Hey OK Akios, you're not allowed to advertise on this site, unless you become a site sponsor. Tommy Farmer is the sponsor of this particular forum (Distance Casting). For information on becoming a site sponsor and getting your own forum, contact sand flea (the site owner).

Welcome to P&S.

BHT


----------



## dudeondacouch (Apr 6, 2010)

AbuMike said:


> ...besides I don't see me or many other standing chest deep cranking Drum or Trout with the reel under water..

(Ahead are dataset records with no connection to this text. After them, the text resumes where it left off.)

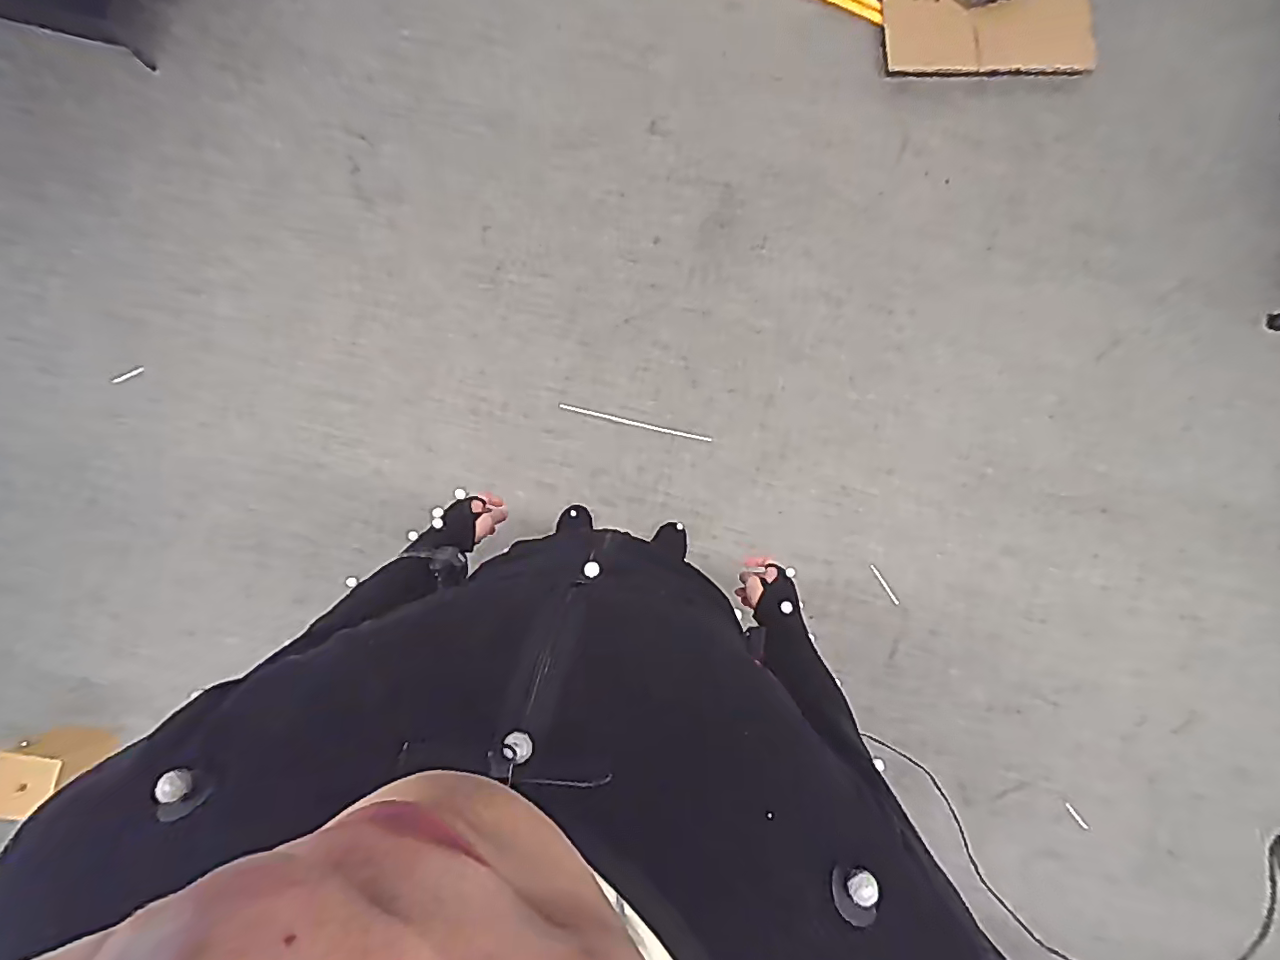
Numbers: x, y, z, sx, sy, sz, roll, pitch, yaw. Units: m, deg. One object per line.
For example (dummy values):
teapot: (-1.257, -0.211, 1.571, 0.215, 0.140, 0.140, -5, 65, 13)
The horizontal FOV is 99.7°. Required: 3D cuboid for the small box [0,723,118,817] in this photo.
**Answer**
small box: (-1.613, 0.792, 1.493, 0.179, 0.176, 0.168, 9, 86, 0)
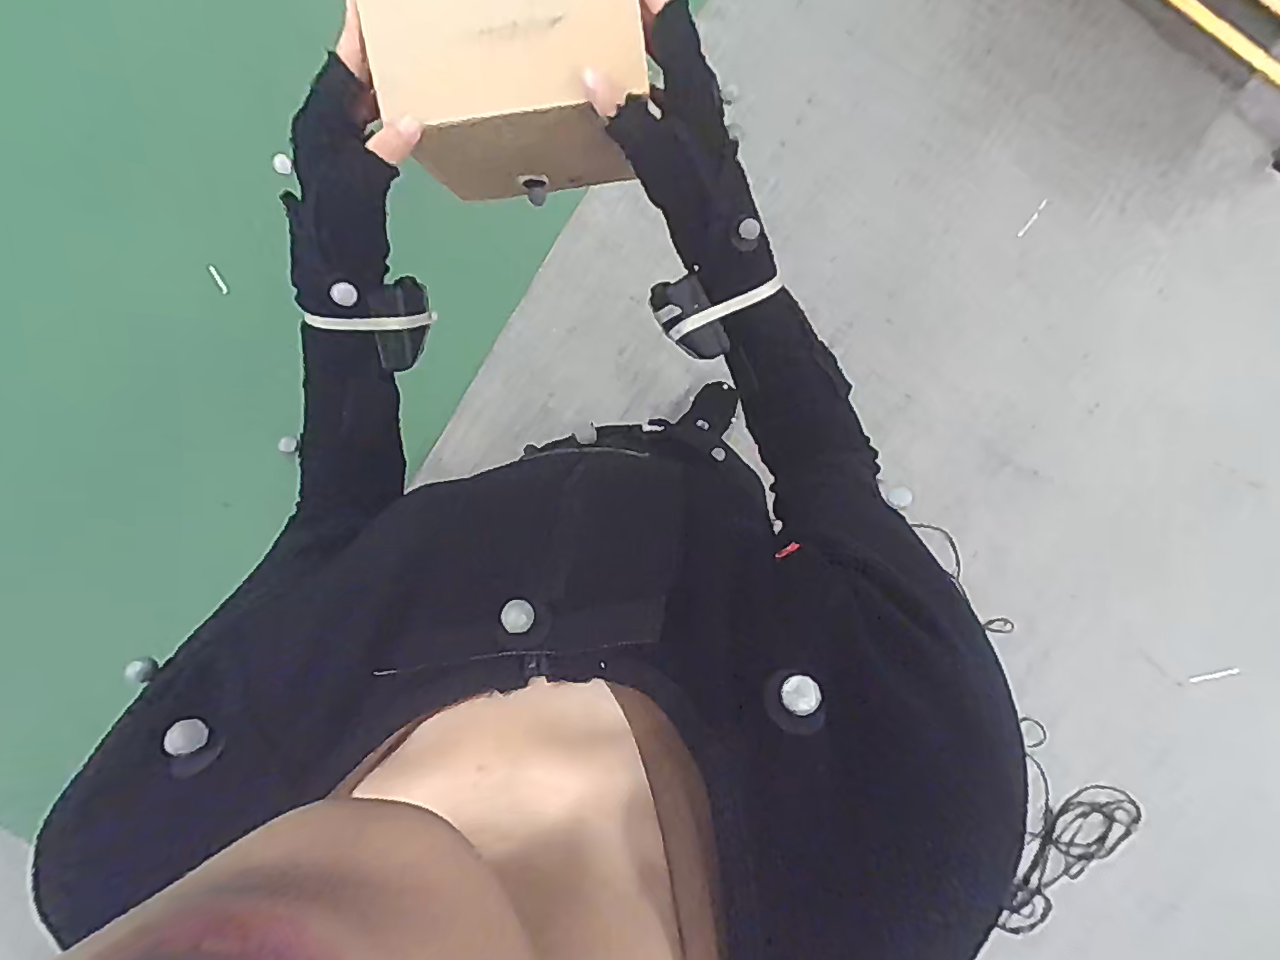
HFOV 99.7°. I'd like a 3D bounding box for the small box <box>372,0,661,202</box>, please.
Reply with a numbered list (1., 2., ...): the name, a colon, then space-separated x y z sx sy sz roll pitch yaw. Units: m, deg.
1. small box: -0.080 -0.325 0.388 0.168 0.176 0.179 -7 104 1
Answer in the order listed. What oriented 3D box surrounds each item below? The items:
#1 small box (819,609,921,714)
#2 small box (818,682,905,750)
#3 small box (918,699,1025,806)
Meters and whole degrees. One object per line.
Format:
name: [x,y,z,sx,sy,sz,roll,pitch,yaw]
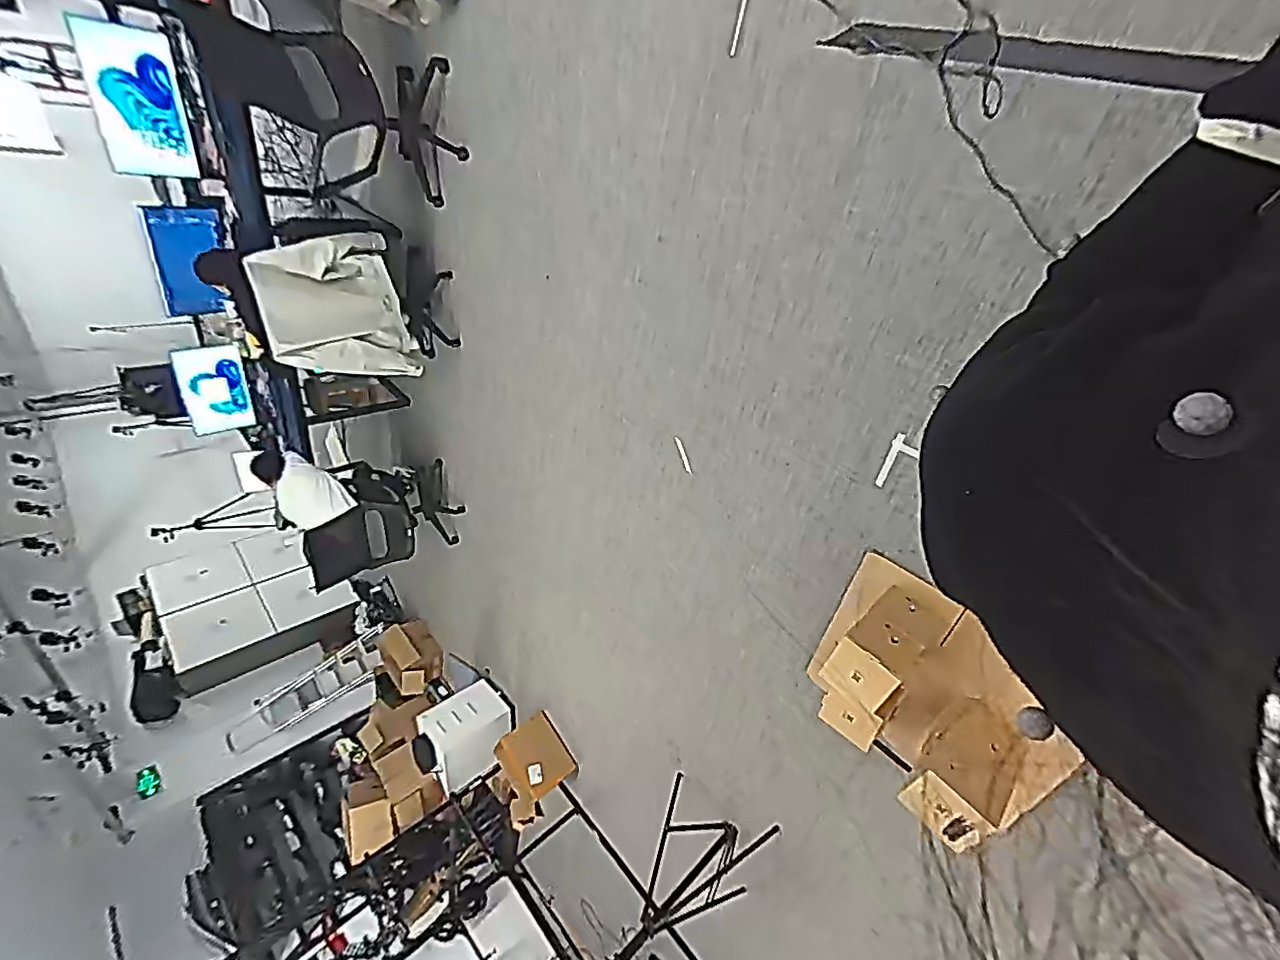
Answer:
small box: [0.628,0.489,1.471,0.168,0.176,0.179,39,131,30]
small box: [0.708,0.709,1.733,0.179,0.176,0.168,32,129,36]
small box: [0.927,0.755,1.509,0.179,0.176,0.168,43,133,25]
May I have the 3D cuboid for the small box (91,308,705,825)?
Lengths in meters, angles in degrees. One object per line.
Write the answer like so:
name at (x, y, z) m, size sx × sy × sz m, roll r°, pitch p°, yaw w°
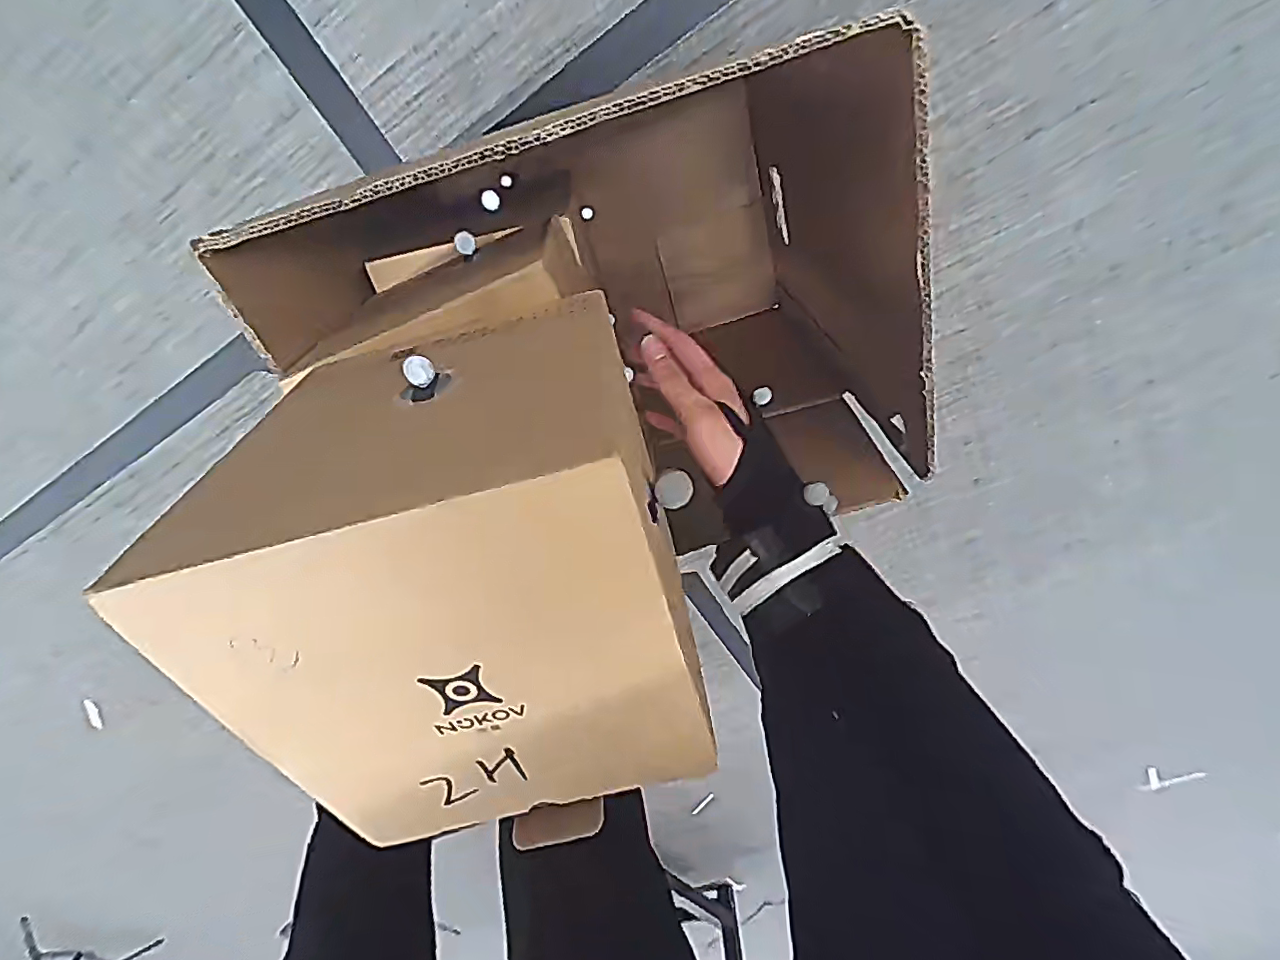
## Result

Why not? It's a hoot.  :fishing:


----------



## SALTSHAKER (Dec 5, 2002)

got em


----------



## RocknReds (Jun 13, 2010)

The US importer received them last week. So get your orders into Tommy. They're a great reel.


----------



## roostertail (Jul 7, 2012)

Why don't we see more long distance spinners in the states with the wide shallow spool like this Akios has? Tommy when will you have them?


----------



## Tommy (Jan 24, 2001)

I've posted up on my forum down below. Next week i'll have the AK 90 and 100 in stock.

Tommy


----------



## anw0625 (Aug 7, 2008)

Any news on the AK 90 and 100?


----------



## bronzbck1 (Jun 13, 2007)

There is a new 80 too. It has an easier price tag


----------